Cidofovir Injection is a sterile, hypertonic aqueous solution for intravenous infusion only. The solution is clear and colorless. It is supplied in clear glass vials, each containing 375 mg of anhydrous cidofovir in 5 mL aqueous solution at a concentration of 75 mg/mL.
The formulation is pH-adjusted to 7.4 (range 7.1 to 7.7) with sodium hydroxide and/or hydrochloric acid and contains no preservatives. The appropriate volume of Cidofovir Injection must be removed from the single-use vial and diluted prior to administration (see DOSAGE AND ADMINISTRATION).
Mechanism of Action
Cidofovir suppresses cytomegalovirus (CMV) replication by selective inhibition of viral DNA synthesis. Biochemical data support selective inhibition of CMV DNA polymerase by cidofovir diphosphate, the active intracellular metabolite of cidofovir.
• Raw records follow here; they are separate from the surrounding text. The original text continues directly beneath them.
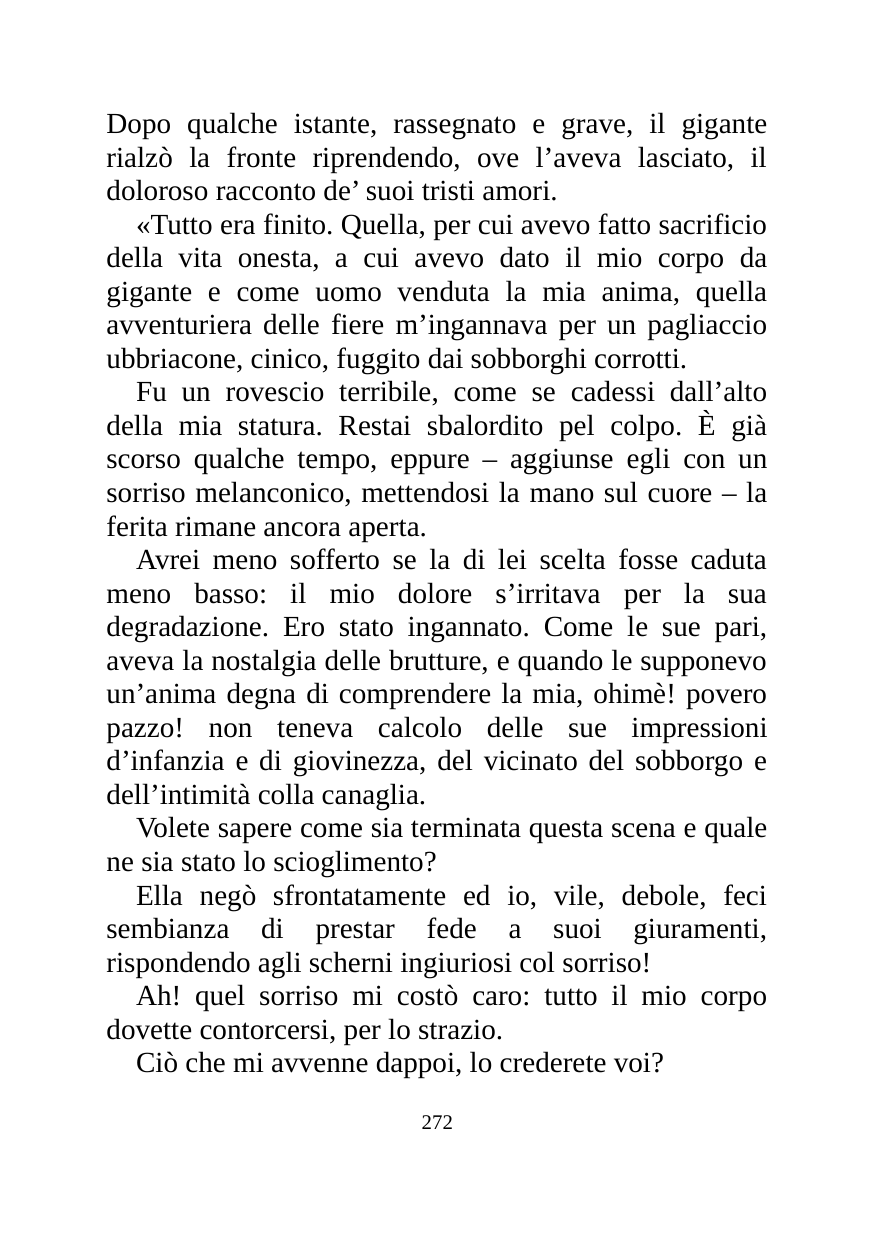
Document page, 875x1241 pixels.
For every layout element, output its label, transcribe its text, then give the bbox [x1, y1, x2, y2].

text Avrei meno sofferto se la di lei scelta fosse caduta meno basso: il mio dolore s’irritava per la sua degradazione. Ero stato ingannato. Come le sue pari, aveva la nostalgia delle brutture, e quando le supponevo un’anima degna di comprendere la mia, ohimè! povero pazzo! non teneva calcolo delle sue impressioni d’infanzia e di giovinezza, del vicinato del sobborgo e dell’intimità colla canaglia. [106, 542, 768, 811]
text Fu un rovescio terribile, come se cadessi dall’alto della mia statura. Restai sbalordito pel colpo. È già scorso qualche tempo, eppure – aggiunse egli con un sorriso melanconico, mettendosi la mano sul cuore – la ferita rimane ancora aperta. [106, 374, 768, 542]
text Ah! quel sorriso mi costò caro: tutto il mio corpo dovette contorcersi, per lo strazio. [106, 978, 768, 1045]
text Ella negò sfrontatamente ed io, vile, debole, feci sembianza di prestar fede a suoi giuramenti, rispondendo agli scherni ingiuriosi col sorriso! [106, 878, 768, 978]
text «Tutto era finito. Quella, per cui avevo fatto sacrificio della vita onesta, a cui avevo dato il mio corpo da gigante e come uomo venduta la mia anima, quella avventuriera delle fiere m’ingannava per un pagliaccio ubbriacone, cinico, fuggito dai sobborghi corrotti. [106, 207, 768, 374]
text Volete sapere come sia terminata questa scena e quale ne sia stato lo scioglimento? [106, 811, 768, 878]
text Ciò che mi avvenne dappoi, lo crederete voi? [106, 1045, 768, 1079]
text Dopo qualche istante, rassegnato e grave, il gigante rialzò la fronte riprendendo, ove l’aveva lasciato, il doloroso racconto de’ suoi tristi amori. [106, 106, 768, 207]

Cidofovir diphosphate inhibits herpesvirus polymerases at concentrations that are 8- to 600-fold lower than those needed to inhibit human cellular DNA polymerases alpha, beta, and gamma1, 2, 3. Incorporation of cidofovir into the growing viral DNA chain results in reductions in the rate of viral DNA synthesis.
In Vitro Susceptibility
Cidofovir is active in vitro against a variety of laboratory and clinical isolates of CMV and other herpesviruses (Table 1). Controlled clinical studies of efficacy have been limited to patients with AIDS and CMV retinitis.
Table 1. Cidofovir Inhibition of Virus Multiplication in Cell Culture
|Wild-type CMV Isolates||0.5 to 2.8|
|HSV-1, HSV-2||12.7 to 31.7|
CMV isolates with reduced susceptibility to cidofovir have been selected in vitro in the presence of high concentrations of cidofovir4. IC50 values for selected resistant isolates ranged from 7 to 15 μM.
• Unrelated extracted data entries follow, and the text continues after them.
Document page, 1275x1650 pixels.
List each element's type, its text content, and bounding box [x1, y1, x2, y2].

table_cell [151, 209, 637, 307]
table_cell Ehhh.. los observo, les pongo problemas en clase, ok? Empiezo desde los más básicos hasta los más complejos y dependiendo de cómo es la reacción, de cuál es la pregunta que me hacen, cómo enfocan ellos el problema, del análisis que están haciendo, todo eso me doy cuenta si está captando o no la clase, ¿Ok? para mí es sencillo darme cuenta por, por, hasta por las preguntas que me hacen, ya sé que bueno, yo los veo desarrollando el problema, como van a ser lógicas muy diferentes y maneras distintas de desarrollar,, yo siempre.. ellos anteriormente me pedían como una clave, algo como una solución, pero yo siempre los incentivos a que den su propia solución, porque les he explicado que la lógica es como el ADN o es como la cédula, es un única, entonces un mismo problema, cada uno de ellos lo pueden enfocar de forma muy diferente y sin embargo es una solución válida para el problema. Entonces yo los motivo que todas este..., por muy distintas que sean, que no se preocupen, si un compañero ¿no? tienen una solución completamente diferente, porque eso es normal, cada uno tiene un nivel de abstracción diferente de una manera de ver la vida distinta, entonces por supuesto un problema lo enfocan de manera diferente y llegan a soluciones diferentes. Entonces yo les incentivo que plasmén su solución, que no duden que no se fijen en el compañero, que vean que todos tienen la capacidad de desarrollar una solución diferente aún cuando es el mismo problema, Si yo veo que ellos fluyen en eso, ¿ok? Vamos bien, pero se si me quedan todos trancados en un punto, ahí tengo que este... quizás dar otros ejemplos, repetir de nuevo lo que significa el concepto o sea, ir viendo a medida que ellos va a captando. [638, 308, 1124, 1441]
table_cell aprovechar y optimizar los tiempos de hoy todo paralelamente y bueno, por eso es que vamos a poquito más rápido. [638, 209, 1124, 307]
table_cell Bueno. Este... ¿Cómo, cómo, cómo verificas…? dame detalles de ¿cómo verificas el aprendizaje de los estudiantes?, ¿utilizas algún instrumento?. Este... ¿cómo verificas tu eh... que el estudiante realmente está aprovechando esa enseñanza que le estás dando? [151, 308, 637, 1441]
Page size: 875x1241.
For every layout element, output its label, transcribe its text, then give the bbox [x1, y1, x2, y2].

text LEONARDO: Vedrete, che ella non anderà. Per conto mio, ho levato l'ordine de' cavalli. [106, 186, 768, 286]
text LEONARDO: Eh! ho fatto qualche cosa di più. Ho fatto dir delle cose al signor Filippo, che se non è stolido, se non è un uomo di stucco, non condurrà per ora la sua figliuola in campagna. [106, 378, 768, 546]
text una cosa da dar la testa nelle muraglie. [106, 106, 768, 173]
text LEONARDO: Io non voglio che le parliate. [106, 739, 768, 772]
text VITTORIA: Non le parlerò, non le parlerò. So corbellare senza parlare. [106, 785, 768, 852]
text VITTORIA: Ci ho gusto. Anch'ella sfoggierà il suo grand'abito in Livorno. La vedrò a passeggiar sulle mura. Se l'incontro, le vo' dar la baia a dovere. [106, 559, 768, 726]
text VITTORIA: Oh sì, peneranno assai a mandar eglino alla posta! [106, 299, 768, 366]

There are insufficient data at this time to assess the frequency or the clinical significance of the development of resistant isolates following cidofovir injection administration to patients.
The possibility of viral resistance should be considered for patients who show a poor clinical response or experience recurrent retinitis progression during therapy.
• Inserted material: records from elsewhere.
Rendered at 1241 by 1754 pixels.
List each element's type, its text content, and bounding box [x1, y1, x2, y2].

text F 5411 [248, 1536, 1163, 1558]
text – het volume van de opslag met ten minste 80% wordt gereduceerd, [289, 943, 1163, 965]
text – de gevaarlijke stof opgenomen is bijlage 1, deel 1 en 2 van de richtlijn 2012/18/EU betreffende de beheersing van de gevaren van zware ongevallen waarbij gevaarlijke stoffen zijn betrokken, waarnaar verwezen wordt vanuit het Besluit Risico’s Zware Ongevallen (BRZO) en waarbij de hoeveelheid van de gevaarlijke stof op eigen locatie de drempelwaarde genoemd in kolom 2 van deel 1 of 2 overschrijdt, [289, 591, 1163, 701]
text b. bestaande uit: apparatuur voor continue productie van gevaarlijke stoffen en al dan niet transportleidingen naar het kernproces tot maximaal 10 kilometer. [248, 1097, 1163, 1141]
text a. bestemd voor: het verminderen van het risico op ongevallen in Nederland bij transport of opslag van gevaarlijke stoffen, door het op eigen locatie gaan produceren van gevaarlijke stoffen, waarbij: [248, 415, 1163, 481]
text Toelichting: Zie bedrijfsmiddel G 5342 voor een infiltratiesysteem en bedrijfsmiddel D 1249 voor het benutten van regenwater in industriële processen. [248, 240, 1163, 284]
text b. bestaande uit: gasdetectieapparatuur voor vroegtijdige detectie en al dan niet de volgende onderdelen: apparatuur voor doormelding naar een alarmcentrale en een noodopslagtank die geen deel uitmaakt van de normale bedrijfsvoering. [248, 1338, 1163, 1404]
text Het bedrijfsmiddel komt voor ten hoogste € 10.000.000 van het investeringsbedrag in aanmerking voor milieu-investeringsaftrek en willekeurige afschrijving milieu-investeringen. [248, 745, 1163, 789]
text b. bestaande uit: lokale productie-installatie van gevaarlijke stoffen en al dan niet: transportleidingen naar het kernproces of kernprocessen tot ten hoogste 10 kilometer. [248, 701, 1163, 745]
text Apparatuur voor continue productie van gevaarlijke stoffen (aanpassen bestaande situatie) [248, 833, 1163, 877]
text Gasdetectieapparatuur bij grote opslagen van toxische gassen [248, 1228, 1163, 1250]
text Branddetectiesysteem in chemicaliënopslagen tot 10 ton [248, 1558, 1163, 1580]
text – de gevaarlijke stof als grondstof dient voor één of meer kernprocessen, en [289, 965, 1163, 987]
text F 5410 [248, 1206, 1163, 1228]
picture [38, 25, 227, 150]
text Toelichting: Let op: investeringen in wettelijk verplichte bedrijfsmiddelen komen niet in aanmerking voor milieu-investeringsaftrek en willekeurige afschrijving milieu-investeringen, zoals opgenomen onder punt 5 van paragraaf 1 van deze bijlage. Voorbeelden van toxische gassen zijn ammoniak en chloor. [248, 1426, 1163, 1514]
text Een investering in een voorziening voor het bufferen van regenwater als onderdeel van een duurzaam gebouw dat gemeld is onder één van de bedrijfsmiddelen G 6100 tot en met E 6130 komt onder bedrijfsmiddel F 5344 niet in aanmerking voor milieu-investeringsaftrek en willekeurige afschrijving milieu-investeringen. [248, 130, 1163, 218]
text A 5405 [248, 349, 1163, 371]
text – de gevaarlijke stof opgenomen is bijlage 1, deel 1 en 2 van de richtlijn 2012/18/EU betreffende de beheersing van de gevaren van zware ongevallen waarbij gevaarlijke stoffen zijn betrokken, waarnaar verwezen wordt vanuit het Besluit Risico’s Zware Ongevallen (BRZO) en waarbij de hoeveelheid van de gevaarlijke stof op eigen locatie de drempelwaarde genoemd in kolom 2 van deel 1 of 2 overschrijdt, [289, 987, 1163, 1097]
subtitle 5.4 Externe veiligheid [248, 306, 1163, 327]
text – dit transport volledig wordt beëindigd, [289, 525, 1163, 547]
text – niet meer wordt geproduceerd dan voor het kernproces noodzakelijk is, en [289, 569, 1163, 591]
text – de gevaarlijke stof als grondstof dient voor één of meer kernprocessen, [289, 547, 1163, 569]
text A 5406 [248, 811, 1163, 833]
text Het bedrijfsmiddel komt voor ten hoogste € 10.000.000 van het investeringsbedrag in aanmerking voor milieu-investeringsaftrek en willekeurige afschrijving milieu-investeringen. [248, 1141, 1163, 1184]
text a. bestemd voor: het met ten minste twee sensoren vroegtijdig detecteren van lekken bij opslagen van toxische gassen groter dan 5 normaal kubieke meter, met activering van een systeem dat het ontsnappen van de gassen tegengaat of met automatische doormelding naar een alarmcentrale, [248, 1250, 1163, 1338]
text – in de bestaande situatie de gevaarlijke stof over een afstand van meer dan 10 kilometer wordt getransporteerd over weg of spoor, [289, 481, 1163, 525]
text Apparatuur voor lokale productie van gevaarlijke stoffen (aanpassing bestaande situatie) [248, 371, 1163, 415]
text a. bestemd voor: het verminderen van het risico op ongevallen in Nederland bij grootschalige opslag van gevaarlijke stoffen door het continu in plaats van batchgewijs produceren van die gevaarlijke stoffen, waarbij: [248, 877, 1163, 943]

Cidofovir-resistant isolates selected in vitro following exposure to increasing concentrations of cidofovir were assessed for susceptibility to ganciclovir and foscarnet4. All were cross resistant to ganciclovir, but remained susceptible to foscarnet. Ganciclovir or ganciclovir/foscarnet-resistant isolates that are cross resistant to cidofovir have been obtained from drug naive patients and from patients following ganciclovir or ganciclovir/ foscarnet therapy. To date, the majority of ganciclovir-resistant isolates are UL97 gene product (phosphokinase) mutants and remain susceptible to cidofovir5.
Reduced susceptibility to cidofovir, however, has been reported for DNA polymerase mutants of CMV which are resistant to ganciclovir6–9. To date, all clinical isolates which exhibit high level resistance to ganciclovir, due to mutations in both the DNA polymerase and UL97 genes, have been shown to be cross resistant to cidofovir. Cidofovir is active against some, but not all, CMV isolates which are resistant to foscarnet10–12. The incidence of foscarnet-resistant isolates that are resistant to cidofovir is not known.
A few triple-drug resistant isolates have been described. Genotypic analysis of two of these triple-resistant isolates revealed several point mutations in the CMV DNA polymerase gene. The clinical significance of the development of these cross-resistant isolates is not known.